TASK TO CARRY OUT ::
With the pictures removed, write out the data below exactly.

════════════════

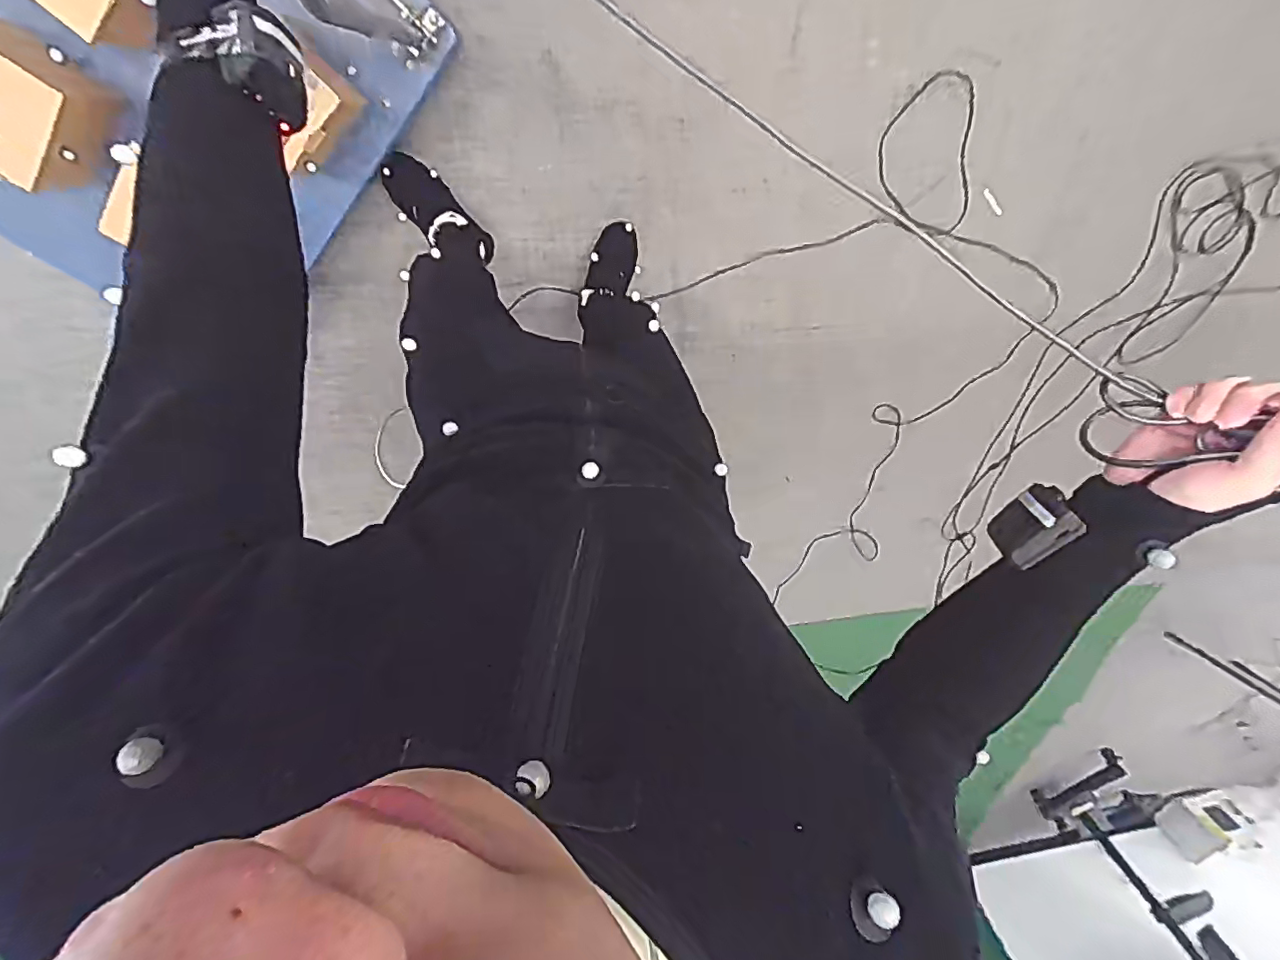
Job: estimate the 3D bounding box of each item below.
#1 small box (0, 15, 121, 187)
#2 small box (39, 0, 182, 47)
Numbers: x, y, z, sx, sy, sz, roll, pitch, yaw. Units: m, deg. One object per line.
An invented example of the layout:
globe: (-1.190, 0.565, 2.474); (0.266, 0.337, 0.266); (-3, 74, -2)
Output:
small box: (-1.005, -0.613, 0.875); (0.168, 0.176, 0.179); (34, 110, -29)
small box: (-0.815, -0.789, 0.799); (0.179, 0.176, 0.168); (-42, 121, 16)

════════════════

WRITTEN REPLY ::
Job: estimate the 3D bounding box of each item below.
#1 small box (0, 15, 121, 187)
#2 small box (39, 0, 182, 47)
Numbers: x, y, z, sx, sy, sz, roll, pitch, yaw. Units: m, deg. One object per line.
An invented example of the layout:
globe: (-1.190, 0.565, 2.474); (0.266, 0.337, 0.266); (-3, 74, -2)
Output:
small box: (-1.005, -0.613, 0.875); (0.168, 0.176, 0.179); (34, 110, -29)
small box: (-0.815, -0.789, 0.799); (0.179, 0.176, 0.168); (-42, 121, 16)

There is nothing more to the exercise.